As 13 New Deaths and 2,593 New Cases of COVID-19 are Confirmed, Revised Health Officer Order Requires Closure of Additional Indoor Operations and Sectors: Actions come as Public Health releases new K-12 protocol to provide “roadmap” to help schools plan for reopening

As COVID-19 cases and hospitalizations continue to rise here and across California, the Los Angeles County Health Officer Order will be modified today to align with Gov. Gavin Newsom’s directives to prevent more cases, more serious illnesses, increased hospitalizations and more deaths.

The Order requires the closure of additional indoor operations for certain sectors which promote the mixing of populations beyond households and make adherence to physical distancing with face coverings difficult:

Bars, indoor dining at restaurants, indoor museums, indoor operations at zoos and aquariums, and cardrooms and satellite wagering facilities remain closed in Los Angeles County, and all events and gatherings are prohibited unless specifically allowed by the Order.

As the new round of closures were announced, the Los Angeles County Department of Public Health (Public Health) also released reopening protocols for K through 12 schools in Los Angeles County. Developed in consultation with more than 500 stakeholders, the protocols are intended to serve as a roadmap for school districts as they plan how to reopen with as much safety as possible for students, teachers, staff and their families.

The protocols do not authorize schools to reopen for in person classroom instruction. School re-openings will be guided by the state and by each school district’s decision on how to best configure learning opportunities during the pandemic, considering the levels of community transmission and what the science tells us about the risks. For those schools that re-open their campuses, they will need to adhere to the public health and safety requirements detailed in the protocol released today.

Today’s announcements come as Public Health has confirmed 13 new deaths and 2,593 new cases of COVID-19. All of the 13 people who passed away were over the age of 65 years old and nine of these people had underlying health conditions.

Los Angeles County continues to see evidence of increased community spread of COVID-19. There are 2,056 people hospitalized, 28% of these people are confirmed cases in the ICU and 20% are confirmed cases on ventilators. This remains substantially higher than the 1,350 to 1,450 daily hospitalizations seen four weeks ago.

Testing results are available for over 1,338,000 individuals with 9% of all people testing positive.

To date, Public Health has identified 136,129 positive cases of COVID-19 across all areas of LA County, and a total of 3,822 deaths.

“For the many families that are mourning the loss of a loved one, our thoughts and prayers are with you ever day,” said Barbara Ferrer, PhD, MPH, MEd, Director of Public Health. “We continue to see inreased number of new cases and hospitalizations.
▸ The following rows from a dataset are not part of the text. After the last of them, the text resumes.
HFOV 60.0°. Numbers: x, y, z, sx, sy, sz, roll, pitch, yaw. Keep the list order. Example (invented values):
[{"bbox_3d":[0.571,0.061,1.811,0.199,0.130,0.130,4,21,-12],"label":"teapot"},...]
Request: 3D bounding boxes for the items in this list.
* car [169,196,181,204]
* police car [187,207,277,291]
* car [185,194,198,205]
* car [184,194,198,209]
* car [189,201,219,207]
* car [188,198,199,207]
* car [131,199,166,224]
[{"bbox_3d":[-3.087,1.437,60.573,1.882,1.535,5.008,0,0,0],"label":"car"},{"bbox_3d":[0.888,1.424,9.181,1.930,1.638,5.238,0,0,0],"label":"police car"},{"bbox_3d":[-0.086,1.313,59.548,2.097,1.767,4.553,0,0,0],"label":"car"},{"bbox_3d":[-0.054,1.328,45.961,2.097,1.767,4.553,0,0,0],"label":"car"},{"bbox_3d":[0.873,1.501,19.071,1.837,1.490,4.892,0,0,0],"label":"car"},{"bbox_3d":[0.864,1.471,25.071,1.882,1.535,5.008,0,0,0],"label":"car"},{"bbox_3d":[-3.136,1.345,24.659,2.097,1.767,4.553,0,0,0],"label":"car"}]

To slow the spread and prevent more hospitalizations and deaths, everyone should limit their time with others not in your household. We must take this opportunity to get back to slowing the spread, but to do so, we need everyone's help. Please find ways to enjoy and celebrate summer only with those from your household, wear your face covering when out and wash your hands frequently.”
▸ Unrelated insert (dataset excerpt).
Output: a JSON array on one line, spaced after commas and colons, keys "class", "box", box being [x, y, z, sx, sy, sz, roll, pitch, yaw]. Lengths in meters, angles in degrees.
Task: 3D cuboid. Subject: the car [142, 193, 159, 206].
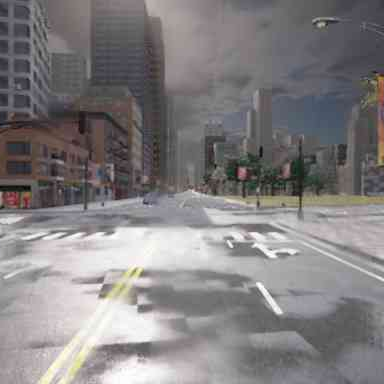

Ninety-three percent of people who died had underlying health conditions. Of those who died, information about race and ethnicity is available for 3,553 people (99 percent of the cases reported by Public Health); 46% of deaths occurred among Latino/Latinx residents, 26% among White residents, 16% among Asian residents, 11% among African American/Black residents, less than 1% among Native Hawaiian/Pacific Islander residents and 1% among residents identifying with other races. Upon further investigation, 13 cases reported earlier were not LA County residents.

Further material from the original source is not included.